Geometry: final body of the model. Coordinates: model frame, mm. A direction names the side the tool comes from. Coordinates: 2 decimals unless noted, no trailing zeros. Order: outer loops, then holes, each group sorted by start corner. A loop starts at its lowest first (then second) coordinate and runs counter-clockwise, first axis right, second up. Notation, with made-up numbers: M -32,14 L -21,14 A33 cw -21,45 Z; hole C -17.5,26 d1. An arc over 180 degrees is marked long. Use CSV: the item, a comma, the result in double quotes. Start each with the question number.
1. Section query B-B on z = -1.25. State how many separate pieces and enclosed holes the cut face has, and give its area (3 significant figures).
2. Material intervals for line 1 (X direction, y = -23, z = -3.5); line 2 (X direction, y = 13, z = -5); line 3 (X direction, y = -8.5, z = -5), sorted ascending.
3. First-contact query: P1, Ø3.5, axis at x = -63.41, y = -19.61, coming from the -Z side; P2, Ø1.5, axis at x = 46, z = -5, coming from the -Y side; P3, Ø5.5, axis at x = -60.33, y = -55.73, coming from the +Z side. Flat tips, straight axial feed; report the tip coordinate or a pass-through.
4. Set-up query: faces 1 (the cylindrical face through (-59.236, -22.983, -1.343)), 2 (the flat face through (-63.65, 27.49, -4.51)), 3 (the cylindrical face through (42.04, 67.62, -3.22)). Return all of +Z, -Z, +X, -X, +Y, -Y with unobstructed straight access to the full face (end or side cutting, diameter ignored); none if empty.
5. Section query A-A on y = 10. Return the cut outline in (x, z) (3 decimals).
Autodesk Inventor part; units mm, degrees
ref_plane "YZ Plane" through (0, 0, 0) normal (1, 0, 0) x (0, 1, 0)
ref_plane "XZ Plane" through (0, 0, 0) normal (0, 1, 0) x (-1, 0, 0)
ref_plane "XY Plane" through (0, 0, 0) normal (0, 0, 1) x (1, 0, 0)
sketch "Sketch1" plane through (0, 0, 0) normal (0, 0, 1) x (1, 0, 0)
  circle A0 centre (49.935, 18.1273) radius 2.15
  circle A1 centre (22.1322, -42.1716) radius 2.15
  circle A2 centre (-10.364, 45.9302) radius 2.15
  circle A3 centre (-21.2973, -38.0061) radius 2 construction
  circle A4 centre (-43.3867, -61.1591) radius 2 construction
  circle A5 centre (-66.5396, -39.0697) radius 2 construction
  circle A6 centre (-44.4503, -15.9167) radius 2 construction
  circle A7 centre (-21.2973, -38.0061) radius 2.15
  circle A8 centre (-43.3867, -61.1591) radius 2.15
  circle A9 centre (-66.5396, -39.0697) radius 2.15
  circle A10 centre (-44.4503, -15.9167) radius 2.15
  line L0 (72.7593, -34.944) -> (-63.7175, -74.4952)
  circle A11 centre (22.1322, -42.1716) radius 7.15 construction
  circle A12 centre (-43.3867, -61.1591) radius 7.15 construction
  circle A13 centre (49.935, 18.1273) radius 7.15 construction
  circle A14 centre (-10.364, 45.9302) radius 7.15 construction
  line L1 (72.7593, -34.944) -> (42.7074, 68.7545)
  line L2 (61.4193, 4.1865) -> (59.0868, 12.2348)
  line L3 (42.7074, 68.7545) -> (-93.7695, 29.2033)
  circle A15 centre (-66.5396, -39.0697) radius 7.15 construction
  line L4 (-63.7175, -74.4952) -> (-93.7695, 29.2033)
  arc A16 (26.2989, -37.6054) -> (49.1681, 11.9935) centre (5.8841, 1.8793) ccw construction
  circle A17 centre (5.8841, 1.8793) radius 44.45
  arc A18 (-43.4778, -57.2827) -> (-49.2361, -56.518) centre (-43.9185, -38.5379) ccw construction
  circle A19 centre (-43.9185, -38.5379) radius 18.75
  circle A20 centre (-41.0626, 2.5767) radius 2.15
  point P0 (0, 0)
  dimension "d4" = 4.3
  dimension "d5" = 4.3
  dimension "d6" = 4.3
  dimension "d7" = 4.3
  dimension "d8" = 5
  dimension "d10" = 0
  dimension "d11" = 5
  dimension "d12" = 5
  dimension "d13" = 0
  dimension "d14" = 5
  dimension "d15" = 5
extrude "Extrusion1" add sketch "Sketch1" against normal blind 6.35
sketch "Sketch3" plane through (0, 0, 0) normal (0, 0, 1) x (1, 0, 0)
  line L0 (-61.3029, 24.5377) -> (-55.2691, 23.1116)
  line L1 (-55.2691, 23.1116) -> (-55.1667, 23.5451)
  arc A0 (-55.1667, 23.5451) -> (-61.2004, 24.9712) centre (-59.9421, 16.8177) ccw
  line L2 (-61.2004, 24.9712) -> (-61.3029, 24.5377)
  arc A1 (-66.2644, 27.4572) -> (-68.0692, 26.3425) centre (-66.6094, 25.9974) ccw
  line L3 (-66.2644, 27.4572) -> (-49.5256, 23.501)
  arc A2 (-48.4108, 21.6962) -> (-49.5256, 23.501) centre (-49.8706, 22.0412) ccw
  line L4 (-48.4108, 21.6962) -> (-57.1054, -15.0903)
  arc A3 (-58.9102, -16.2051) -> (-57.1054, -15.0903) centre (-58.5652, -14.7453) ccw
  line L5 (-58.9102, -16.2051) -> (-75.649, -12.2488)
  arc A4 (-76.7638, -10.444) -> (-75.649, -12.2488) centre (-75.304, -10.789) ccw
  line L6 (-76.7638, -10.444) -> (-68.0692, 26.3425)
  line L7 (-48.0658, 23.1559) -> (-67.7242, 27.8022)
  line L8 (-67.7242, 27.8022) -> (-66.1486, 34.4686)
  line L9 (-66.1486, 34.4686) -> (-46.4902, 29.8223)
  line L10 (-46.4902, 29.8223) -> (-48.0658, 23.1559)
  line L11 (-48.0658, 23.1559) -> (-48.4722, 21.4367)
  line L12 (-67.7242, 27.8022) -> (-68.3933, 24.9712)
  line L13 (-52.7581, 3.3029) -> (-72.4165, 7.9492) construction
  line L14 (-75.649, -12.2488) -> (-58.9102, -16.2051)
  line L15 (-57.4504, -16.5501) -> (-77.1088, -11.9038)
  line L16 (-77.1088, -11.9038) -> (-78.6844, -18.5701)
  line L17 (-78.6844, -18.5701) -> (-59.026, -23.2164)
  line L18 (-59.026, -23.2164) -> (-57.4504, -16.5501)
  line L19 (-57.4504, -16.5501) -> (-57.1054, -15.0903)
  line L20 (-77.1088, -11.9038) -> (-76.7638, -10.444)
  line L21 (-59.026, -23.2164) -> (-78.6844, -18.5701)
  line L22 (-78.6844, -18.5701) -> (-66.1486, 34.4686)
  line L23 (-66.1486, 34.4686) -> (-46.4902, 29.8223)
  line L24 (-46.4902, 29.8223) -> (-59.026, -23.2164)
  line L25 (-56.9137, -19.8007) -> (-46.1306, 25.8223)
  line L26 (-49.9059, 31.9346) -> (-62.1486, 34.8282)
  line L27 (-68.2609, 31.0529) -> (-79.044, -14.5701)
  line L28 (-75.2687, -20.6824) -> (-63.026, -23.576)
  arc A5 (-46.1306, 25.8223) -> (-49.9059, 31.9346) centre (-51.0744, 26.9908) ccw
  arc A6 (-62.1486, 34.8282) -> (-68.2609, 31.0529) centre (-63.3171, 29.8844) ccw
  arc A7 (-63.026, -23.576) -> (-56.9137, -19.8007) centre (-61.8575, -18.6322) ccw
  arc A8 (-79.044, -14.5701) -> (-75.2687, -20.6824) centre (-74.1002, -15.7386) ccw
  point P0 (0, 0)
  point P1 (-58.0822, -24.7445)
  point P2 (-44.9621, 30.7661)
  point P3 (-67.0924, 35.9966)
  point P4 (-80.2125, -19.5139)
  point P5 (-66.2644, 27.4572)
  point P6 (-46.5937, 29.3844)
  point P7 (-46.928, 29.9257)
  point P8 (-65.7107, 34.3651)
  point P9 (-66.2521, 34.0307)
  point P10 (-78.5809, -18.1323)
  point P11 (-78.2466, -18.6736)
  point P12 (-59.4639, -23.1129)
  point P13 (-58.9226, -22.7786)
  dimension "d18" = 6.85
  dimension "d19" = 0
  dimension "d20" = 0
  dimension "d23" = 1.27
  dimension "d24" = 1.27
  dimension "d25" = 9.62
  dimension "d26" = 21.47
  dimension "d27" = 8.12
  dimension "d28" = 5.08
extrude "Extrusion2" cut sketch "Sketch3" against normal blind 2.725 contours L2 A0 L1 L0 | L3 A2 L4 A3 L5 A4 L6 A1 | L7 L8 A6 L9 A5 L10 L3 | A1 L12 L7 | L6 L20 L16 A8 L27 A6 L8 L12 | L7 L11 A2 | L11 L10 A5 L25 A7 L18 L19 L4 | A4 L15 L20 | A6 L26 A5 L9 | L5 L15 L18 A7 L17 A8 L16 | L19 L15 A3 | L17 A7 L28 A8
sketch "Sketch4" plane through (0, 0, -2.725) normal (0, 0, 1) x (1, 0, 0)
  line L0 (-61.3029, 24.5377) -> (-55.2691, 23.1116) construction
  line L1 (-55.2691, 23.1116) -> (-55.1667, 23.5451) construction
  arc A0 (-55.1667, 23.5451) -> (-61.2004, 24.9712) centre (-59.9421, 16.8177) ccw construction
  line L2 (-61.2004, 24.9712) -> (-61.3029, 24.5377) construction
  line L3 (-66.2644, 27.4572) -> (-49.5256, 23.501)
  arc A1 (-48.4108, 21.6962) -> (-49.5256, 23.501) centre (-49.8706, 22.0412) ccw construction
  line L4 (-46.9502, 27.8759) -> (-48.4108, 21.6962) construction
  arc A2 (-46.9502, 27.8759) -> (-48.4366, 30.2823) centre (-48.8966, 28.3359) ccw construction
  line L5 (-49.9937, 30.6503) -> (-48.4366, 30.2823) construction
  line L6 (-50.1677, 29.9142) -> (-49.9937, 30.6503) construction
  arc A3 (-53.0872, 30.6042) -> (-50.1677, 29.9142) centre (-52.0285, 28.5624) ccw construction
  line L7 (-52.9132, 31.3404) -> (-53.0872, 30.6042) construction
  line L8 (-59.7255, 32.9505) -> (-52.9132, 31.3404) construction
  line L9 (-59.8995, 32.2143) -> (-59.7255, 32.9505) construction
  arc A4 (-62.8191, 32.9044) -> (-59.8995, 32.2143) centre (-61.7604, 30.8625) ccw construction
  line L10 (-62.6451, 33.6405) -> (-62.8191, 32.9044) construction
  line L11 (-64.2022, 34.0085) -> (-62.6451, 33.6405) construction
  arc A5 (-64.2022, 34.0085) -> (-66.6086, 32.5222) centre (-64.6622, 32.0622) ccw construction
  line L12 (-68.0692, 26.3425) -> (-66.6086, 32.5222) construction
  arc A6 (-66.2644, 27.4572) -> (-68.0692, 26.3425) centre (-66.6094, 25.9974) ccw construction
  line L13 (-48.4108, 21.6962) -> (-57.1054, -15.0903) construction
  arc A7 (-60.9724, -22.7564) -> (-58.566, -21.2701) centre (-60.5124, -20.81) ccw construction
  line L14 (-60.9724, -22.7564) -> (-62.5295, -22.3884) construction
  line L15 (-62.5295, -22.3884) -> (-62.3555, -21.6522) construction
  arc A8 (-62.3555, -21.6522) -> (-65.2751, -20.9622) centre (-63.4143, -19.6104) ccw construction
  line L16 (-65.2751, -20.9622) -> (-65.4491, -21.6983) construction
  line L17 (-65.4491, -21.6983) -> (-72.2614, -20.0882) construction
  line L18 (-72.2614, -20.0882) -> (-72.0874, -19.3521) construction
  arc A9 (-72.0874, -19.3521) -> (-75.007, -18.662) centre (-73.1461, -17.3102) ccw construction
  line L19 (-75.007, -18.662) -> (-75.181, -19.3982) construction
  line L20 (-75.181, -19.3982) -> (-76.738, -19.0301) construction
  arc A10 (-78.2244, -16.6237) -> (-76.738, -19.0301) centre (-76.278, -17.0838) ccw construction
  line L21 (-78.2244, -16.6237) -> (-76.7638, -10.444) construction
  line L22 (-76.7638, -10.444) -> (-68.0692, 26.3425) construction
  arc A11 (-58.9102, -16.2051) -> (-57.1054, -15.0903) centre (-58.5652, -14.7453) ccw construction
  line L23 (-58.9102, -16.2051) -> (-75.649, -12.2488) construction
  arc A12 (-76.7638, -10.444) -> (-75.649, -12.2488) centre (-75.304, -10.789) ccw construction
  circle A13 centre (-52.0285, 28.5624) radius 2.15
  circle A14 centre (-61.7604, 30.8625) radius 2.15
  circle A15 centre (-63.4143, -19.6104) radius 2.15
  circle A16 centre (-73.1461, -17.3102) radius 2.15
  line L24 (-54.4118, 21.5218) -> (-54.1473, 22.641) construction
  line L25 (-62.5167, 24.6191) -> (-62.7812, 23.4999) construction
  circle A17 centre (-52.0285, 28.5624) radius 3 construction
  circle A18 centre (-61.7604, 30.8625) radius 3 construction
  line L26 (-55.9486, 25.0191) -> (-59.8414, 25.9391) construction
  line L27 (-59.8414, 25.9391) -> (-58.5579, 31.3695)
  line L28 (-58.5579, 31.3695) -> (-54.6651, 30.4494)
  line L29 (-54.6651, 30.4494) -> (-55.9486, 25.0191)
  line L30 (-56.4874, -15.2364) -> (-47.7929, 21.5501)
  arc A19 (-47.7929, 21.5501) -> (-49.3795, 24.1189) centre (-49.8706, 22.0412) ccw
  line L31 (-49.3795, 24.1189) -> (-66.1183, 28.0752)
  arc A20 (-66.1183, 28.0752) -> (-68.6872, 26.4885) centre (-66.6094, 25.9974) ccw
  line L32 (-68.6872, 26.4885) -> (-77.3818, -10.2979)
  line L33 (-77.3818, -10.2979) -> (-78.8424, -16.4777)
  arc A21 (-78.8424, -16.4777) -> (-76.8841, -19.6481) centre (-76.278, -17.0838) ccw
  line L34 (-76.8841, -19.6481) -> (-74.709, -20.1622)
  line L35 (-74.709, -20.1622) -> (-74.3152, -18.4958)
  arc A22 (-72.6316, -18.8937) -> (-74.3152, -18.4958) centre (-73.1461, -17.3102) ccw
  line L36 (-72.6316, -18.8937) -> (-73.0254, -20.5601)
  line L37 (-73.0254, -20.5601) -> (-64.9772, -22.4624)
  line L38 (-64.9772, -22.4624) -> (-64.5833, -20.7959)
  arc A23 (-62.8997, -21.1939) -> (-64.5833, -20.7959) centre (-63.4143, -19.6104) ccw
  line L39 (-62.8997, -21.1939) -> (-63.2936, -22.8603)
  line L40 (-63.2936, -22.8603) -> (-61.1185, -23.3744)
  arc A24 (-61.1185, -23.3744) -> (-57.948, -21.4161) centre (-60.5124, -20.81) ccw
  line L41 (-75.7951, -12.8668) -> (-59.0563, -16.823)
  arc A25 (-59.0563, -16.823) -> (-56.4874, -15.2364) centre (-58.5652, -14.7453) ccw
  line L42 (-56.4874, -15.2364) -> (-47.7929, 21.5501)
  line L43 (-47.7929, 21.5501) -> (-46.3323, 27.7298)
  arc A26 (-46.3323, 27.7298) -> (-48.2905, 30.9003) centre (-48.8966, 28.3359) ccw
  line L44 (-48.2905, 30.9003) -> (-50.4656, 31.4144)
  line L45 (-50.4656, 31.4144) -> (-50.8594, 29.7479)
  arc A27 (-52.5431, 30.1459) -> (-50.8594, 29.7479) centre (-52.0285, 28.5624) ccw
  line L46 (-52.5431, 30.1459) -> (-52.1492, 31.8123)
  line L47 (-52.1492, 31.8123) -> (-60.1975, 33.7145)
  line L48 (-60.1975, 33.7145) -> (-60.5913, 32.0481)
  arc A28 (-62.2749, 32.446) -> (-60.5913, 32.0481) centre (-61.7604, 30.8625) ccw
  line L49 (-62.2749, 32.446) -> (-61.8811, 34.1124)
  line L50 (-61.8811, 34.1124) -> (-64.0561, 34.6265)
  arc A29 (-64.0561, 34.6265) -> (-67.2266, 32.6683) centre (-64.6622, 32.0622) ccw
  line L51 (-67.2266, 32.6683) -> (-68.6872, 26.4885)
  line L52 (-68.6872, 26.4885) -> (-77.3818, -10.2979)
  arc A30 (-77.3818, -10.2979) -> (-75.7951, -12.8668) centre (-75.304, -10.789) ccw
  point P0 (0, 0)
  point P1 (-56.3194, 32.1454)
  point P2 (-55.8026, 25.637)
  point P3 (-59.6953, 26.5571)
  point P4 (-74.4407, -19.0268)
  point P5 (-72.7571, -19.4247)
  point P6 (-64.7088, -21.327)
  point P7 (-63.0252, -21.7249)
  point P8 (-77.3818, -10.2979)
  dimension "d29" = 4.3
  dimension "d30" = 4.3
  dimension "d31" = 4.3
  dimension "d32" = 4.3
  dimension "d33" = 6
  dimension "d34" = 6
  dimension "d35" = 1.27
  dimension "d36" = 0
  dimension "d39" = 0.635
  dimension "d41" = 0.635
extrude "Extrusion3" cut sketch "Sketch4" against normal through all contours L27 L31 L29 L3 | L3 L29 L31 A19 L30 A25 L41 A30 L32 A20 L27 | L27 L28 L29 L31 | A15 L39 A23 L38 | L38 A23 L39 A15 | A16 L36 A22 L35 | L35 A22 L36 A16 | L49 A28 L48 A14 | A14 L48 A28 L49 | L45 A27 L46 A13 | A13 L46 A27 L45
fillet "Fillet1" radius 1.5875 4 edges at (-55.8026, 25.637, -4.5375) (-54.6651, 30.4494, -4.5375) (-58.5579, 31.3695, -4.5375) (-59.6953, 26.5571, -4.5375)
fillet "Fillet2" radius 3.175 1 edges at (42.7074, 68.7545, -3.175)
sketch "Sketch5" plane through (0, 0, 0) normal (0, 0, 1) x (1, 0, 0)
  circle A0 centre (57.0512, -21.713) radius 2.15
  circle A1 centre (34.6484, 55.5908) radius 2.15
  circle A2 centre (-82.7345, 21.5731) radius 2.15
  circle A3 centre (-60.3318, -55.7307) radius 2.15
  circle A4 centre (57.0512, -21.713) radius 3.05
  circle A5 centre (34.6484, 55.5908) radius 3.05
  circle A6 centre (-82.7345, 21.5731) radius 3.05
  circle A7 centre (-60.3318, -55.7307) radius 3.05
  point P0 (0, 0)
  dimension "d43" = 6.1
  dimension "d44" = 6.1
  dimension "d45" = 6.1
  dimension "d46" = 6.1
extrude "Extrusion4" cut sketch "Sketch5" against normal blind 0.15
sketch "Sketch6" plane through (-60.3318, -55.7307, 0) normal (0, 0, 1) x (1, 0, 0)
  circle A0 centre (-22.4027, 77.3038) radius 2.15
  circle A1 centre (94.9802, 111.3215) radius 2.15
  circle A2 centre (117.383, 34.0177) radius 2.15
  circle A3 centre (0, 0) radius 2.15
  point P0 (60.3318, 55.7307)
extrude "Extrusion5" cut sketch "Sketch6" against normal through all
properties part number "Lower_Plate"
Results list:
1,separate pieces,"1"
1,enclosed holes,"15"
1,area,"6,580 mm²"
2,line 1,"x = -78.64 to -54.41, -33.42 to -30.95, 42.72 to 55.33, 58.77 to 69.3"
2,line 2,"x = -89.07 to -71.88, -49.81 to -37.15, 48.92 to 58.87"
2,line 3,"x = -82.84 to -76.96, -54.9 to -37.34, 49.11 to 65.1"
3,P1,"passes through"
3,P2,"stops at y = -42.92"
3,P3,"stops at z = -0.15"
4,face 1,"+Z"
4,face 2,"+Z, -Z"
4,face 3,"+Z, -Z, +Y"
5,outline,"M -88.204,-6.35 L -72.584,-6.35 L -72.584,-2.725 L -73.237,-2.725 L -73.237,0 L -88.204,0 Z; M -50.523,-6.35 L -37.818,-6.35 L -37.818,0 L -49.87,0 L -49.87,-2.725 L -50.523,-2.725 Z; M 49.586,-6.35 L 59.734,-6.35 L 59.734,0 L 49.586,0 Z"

▸ Task statement: For this exercise, output exactly the lines above from the line with "arc A4 (-76.7638, -10.444)" to the line with "line L19 (-57.4504, -16.5501)", counting both, and leave out the rest.

▸ Exercise solution:
  arc A4 (-76.7638, -10.444) -> (-75.649, -12.2488) centre (-75.304, -10.789) ccw
  line L6 (-76.7638, -10.444) -> (-68.0692, 26.3425)
  line L7 (-48.0658, 23.1559) -> (-67.7242, 27.8022)
  line L8 (-67.7242, 27.8022) -> (-66.1486, 34.4686)
  line L9 (-66.1486, 34.4686) -> (-46.4902, 29.8223)
  line L10 (-46.4902, 29.8223) -> (-48.0658, 23.1559)
  line L11 (-48.0658, 23.1559) -> (-48.4722, 21.4367)
  line L12 (-67.7242, 27.8022) -> (-68.3933, 24.9712)
  line L13 (-52.7581, 3.3029) -> (-72.4165, 7.9492) construction
  line L14 (-75.649, -12.2488) -> (-58.9102, -16.2051)
  line L15 (-57.4504, -16.5501) -> (-77.1088, -11.9038)
  line L16 (-77.1088, -11.9038) -> (-78.6844, -18.5701)
  line L17 (-78.6844, -18.5701) -> (-59.026, -23.2164)
  line L18 (-59.026, -23.2164) -> (-57.4504, -16.5501)
  line L19 (-57.4504, -16.5501) -> (-57.1054, -15.0903)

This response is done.